‘Dark photons’: another cosmic fudge factor

First it was dark matter,1 then came dark energy,2 followed by dark fluid,3 dark flow,4 and dark radiation5; and now a new entity is suggested for the dark sector of particle physics—dark photons. The dark sector is full of hypothetical entities designed to save the big bang story but it is really just a lot of cosmic storytelling.6

Previously I have argued that dark matter is a sort of ‘god of the gaps’, the ‘unknown god’,7  in astrophysics. It is an unknown invoked to explain the inexplicable,8 which, if you follow the chain of logic, is required to maintain a belief in the big bang paradigm. Its existence is only inferred from the application of known physics to certain observations in the universe.Without assuming the existence of some exotic unknown dark matter comprising about 25% of the matter/energy content of the universe10 the standard big bang model would have to be discarded as a total failure.

Dark matter has never been observed in space or in any laboratory experiment.

Colliding galaxies

Now a new observation of four colliding galaxies in the Abell 3827 cluster apparently may shed new light on the conundrum.11 See the four galaxies in the centre of the figure here.

Abell 3827

Figure: Approximately real-colour image from the Hubble Space Telescope, of galaxy cluster Abell 3827. The galaxy cluster is made of hundreds of yellowish galaxies.
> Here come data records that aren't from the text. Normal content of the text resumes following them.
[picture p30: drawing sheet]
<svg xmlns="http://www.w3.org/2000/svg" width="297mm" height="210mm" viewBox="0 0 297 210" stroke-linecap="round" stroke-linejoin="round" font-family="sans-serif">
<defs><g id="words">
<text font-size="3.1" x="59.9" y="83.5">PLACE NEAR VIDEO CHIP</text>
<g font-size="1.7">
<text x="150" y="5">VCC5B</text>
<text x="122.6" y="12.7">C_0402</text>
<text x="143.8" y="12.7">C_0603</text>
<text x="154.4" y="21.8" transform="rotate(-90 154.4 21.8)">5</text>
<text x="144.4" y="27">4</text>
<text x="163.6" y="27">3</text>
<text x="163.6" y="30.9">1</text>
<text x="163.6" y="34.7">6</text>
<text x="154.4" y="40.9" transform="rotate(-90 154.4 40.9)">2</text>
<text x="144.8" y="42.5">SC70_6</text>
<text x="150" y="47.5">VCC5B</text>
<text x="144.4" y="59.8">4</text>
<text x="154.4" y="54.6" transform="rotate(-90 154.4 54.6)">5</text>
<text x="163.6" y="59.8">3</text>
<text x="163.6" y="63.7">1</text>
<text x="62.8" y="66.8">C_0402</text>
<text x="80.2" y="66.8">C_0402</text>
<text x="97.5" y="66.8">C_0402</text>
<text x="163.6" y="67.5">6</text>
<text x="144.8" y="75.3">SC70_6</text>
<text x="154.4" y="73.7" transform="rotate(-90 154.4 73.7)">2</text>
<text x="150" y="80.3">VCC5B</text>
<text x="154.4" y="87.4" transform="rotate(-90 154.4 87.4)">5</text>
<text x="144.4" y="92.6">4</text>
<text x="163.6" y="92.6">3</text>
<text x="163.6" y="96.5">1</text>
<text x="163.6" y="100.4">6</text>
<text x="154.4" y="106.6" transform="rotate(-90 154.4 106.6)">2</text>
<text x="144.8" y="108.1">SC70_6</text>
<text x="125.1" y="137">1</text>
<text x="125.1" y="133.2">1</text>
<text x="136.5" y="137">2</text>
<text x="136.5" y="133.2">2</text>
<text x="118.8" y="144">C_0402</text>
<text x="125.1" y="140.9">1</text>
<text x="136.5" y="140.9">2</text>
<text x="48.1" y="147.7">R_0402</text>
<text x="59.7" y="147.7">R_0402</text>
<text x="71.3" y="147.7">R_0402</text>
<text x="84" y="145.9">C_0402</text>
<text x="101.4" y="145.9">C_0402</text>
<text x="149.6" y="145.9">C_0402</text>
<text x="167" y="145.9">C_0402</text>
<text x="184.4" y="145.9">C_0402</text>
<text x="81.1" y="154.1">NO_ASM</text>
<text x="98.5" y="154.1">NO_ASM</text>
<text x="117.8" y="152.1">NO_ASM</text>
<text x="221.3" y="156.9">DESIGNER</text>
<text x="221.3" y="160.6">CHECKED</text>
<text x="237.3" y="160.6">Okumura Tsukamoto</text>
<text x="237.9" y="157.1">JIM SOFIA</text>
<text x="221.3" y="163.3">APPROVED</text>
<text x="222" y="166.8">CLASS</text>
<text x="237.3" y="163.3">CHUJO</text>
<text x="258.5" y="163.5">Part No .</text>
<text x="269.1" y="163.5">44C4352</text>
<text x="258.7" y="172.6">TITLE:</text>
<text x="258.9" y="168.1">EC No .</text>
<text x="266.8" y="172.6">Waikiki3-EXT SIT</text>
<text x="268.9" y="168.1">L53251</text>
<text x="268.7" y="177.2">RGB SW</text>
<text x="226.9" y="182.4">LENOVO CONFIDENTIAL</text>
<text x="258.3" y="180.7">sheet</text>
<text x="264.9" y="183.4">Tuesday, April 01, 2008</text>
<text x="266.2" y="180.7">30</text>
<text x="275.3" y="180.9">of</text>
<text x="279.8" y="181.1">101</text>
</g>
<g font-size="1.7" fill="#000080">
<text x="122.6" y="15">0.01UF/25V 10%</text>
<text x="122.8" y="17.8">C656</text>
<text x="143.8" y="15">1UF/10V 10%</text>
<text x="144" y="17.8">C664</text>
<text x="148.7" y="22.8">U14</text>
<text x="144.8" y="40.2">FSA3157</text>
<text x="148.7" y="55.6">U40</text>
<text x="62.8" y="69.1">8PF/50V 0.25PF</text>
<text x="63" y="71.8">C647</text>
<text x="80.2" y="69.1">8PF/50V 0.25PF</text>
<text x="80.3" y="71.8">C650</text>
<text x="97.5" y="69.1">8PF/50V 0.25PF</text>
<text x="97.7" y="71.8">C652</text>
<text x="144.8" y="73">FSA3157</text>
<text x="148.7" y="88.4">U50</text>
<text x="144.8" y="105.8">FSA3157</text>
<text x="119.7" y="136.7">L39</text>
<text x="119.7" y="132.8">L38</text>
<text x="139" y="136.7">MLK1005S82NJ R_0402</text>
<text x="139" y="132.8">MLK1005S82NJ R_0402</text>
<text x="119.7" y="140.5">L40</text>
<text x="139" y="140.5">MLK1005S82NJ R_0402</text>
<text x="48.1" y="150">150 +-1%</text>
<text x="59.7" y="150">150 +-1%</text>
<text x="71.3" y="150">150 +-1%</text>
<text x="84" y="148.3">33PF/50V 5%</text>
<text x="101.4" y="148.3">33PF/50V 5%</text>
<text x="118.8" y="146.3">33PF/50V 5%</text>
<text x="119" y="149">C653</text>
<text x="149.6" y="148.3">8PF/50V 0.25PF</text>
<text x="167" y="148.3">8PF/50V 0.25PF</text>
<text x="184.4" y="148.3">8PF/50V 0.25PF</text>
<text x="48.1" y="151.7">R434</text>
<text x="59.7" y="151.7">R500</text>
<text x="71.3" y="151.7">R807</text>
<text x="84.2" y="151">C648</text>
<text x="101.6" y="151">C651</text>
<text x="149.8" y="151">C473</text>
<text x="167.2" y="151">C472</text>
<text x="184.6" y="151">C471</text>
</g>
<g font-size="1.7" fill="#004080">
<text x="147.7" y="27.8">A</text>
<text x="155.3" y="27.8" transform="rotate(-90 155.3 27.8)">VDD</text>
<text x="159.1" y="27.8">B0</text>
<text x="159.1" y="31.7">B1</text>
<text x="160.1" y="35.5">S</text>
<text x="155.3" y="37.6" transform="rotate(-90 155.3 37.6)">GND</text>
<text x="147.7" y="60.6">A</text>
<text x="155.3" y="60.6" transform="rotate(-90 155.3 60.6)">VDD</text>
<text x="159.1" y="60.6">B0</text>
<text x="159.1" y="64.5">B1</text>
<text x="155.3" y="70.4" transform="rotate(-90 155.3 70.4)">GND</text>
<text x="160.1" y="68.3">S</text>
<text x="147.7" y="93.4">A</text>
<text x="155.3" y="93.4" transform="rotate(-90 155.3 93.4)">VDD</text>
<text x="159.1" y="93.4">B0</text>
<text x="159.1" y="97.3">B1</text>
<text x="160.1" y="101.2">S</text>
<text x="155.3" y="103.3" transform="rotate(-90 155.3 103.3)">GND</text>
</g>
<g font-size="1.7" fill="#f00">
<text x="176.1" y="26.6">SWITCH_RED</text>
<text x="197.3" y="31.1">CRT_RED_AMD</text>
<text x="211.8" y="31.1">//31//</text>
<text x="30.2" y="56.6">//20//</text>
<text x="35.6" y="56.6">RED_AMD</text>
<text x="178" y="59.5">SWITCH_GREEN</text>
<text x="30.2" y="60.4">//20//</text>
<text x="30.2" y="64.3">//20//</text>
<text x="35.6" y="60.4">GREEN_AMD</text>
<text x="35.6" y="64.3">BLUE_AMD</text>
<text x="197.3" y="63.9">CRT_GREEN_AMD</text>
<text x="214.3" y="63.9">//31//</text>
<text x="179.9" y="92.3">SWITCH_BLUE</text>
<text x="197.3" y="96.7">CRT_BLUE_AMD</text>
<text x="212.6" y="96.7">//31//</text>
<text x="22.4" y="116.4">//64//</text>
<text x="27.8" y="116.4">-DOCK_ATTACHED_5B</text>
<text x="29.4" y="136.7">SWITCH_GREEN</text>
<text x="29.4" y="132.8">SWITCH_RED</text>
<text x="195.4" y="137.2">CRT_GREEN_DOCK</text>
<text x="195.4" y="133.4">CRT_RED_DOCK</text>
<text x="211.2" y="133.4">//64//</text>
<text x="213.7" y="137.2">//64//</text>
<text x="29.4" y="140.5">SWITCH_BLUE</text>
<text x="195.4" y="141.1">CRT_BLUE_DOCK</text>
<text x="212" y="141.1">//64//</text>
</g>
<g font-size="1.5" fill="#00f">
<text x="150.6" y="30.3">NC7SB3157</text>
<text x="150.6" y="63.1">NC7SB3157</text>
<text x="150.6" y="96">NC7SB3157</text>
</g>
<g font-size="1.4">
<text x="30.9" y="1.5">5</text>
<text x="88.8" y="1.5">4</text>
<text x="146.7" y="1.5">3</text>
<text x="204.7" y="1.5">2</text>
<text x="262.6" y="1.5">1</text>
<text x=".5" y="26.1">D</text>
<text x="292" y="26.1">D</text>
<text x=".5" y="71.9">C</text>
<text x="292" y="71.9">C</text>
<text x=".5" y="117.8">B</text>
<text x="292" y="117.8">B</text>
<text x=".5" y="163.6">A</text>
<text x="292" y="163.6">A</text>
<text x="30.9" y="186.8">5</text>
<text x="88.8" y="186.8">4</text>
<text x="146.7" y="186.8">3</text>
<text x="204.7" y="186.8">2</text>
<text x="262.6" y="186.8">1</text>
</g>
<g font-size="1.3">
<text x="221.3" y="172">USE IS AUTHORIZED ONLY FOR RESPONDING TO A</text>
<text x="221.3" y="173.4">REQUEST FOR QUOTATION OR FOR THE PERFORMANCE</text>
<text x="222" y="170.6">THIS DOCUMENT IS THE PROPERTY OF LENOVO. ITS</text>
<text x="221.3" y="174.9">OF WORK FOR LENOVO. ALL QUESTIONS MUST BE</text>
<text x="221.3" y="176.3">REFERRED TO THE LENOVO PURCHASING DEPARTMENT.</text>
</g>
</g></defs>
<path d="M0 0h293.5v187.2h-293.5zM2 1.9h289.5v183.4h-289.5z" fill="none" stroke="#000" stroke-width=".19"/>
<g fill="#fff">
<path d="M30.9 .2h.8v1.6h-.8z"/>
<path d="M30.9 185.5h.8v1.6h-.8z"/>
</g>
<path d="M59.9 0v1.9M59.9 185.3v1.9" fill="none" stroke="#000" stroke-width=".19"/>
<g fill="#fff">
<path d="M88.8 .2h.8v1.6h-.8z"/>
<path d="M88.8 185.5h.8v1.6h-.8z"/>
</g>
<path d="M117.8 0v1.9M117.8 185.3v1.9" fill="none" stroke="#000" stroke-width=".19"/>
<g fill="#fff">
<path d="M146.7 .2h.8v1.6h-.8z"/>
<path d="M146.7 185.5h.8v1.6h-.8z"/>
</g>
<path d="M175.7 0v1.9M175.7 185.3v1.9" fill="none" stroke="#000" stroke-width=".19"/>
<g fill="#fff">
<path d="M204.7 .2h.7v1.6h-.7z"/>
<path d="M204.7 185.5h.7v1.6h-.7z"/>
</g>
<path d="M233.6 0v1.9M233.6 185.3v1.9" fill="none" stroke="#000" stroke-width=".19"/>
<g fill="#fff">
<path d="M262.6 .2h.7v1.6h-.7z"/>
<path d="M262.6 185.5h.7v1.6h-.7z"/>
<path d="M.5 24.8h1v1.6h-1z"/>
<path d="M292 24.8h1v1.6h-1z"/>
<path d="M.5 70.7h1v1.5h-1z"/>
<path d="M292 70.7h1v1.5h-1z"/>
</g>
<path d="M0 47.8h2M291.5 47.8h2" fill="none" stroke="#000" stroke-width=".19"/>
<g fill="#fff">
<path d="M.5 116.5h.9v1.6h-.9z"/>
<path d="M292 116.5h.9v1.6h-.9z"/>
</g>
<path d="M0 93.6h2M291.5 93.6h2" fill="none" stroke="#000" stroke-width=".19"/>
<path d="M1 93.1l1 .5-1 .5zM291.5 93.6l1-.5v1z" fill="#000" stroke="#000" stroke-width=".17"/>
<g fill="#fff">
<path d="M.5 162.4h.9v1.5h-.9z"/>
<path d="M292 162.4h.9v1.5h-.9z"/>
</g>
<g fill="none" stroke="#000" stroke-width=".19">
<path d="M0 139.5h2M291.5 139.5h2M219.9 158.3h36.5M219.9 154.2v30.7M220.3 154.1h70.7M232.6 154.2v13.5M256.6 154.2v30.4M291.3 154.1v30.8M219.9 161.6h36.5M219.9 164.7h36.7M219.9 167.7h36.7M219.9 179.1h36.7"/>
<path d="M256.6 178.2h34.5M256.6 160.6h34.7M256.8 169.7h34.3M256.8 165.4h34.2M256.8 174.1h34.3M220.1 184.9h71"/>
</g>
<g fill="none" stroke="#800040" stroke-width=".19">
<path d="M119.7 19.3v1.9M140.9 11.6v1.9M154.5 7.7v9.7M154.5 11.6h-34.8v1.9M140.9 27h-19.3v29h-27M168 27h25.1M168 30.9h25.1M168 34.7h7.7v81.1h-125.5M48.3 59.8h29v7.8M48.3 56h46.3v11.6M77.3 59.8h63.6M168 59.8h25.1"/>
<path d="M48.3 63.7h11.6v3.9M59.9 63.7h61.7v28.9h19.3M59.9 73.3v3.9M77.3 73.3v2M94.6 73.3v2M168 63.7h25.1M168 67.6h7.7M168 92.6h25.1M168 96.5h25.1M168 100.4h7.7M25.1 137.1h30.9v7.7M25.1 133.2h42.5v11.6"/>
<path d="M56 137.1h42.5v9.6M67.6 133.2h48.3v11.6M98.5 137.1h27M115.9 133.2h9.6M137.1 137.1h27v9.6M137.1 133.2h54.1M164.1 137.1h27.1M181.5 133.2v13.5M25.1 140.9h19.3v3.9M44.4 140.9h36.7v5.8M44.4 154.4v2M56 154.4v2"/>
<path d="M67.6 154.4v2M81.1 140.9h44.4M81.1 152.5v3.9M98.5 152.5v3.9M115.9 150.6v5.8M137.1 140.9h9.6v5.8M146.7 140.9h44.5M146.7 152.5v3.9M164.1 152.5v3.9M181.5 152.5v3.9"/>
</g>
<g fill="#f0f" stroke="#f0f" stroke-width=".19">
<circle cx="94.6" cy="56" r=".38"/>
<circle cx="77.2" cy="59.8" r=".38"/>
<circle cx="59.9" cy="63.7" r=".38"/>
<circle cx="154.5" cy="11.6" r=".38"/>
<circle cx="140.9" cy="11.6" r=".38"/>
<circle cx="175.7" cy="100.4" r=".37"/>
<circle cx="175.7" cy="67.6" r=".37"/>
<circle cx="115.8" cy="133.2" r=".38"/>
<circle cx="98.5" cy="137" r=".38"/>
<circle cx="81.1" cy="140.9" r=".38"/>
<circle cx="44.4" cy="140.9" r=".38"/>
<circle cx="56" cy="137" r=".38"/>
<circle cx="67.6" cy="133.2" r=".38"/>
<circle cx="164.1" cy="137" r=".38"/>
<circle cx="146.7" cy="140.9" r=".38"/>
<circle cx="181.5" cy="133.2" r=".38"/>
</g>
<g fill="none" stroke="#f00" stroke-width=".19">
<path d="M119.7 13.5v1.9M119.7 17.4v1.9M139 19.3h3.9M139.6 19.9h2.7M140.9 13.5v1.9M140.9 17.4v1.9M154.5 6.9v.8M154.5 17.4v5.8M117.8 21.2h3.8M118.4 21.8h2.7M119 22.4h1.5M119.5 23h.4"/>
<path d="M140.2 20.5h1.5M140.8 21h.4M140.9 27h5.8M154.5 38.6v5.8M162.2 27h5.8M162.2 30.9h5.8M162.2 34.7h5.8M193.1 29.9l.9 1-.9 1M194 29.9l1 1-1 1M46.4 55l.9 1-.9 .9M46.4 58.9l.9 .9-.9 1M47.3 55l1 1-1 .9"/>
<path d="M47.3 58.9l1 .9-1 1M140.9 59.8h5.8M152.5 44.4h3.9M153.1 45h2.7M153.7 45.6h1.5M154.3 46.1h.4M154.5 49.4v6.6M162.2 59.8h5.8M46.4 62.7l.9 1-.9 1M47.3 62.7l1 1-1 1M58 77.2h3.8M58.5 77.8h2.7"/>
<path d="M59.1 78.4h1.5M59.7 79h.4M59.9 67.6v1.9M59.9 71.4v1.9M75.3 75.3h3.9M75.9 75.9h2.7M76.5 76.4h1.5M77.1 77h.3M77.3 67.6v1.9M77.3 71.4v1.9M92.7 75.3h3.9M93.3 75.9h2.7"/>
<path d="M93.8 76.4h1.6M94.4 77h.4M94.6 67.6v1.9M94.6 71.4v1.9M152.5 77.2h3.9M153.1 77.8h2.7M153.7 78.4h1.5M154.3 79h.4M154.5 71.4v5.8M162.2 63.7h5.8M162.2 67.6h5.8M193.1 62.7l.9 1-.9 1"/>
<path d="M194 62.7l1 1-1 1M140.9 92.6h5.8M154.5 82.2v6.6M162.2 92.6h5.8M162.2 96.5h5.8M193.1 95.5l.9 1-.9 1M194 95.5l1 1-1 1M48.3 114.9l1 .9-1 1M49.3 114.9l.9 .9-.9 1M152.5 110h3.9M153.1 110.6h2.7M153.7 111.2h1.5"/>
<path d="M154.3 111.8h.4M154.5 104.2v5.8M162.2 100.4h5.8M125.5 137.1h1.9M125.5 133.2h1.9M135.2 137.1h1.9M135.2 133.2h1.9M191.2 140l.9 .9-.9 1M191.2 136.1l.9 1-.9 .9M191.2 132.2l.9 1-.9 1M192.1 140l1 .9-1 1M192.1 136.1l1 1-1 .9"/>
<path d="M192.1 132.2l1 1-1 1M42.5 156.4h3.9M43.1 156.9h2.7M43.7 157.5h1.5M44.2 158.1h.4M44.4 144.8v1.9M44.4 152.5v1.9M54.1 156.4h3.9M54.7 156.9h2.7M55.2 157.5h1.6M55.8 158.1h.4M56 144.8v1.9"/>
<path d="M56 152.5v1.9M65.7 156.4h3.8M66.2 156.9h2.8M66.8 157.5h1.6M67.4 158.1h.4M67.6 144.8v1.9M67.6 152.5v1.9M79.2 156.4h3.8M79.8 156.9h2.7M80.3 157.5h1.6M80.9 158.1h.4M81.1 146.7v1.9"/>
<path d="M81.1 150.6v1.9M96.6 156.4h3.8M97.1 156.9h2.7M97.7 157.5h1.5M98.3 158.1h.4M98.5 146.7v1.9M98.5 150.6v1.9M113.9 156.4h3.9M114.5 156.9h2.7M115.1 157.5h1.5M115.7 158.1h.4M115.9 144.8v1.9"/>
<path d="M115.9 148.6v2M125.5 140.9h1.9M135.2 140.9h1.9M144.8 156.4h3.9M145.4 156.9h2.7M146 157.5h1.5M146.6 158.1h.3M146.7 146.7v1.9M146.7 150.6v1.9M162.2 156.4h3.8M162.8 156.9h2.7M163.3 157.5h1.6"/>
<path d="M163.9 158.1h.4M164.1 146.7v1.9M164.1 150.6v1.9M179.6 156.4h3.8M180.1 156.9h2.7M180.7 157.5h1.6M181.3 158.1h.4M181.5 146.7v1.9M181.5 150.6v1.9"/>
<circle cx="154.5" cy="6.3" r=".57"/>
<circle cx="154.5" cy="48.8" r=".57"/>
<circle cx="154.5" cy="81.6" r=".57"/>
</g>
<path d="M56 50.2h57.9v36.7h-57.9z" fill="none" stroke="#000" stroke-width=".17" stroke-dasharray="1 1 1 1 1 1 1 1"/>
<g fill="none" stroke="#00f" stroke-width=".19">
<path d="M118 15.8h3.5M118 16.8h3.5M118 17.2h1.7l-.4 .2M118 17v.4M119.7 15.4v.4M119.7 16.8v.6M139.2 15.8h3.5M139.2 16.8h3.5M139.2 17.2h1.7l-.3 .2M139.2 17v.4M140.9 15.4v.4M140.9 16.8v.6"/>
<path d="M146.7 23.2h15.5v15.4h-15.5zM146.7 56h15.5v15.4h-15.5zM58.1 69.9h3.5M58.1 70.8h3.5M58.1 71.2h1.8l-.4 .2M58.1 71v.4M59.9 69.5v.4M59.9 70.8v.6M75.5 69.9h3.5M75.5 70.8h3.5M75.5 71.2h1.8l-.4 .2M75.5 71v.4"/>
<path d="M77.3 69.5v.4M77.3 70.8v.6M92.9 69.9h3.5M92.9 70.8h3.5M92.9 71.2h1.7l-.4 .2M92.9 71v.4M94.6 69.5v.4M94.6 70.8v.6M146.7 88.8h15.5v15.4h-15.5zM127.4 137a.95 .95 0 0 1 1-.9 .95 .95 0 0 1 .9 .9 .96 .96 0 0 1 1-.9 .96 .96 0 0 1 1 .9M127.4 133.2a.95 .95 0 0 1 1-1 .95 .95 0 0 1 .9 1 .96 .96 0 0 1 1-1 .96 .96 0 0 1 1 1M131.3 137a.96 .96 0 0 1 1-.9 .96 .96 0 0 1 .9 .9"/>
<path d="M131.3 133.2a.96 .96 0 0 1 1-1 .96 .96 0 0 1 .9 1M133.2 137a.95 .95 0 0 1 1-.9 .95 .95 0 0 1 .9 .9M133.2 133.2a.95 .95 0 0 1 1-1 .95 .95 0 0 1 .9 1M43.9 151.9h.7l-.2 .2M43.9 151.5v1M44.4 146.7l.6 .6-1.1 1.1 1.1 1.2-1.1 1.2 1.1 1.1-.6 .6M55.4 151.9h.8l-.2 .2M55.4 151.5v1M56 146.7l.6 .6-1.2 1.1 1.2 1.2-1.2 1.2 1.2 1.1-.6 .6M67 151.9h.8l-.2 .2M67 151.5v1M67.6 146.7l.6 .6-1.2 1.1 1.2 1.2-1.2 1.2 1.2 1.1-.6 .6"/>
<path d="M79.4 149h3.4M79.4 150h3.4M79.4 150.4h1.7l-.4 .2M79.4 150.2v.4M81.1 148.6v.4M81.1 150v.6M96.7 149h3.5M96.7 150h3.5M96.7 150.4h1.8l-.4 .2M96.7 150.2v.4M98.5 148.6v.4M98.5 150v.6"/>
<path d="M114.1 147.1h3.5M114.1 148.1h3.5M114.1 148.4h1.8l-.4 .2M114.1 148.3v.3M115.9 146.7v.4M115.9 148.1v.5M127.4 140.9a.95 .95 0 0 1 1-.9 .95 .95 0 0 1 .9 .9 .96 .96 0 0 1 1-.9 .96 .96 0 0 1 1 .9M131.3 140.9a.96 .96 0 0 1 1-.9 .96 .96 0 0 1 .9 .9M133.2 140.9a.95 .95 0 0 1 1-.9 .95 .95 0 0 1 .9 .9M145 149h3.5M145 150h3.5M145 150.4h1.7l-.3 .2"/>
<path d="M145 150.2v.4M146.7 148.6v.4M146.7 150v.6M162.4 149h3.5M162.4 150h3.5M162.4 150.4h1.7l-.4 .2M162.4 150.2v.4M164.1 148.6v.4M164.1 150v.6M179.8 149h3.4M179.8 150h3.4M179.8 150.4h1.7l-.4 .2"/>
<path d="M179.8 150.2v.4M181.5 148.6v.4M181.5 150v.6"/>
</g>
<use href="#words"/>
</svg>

At its core, four giant galaxies are smashing into each other. As the topmost of the four galaxies fell in, it is proposed that it left its dark matter trailing behind, separated from the normal matter. You can’t see the dark matter in this picture because it is ‘dark’; meaning invisible. But its position is allegedly revealed by the gravitational lensing of an unrelated spiral galaxy behind the cluster, whose distorted image is seen as a blue arc, around the group of four central galaxies. Credit: Dr. Richard Massey (Durham University) image. Ref. 12.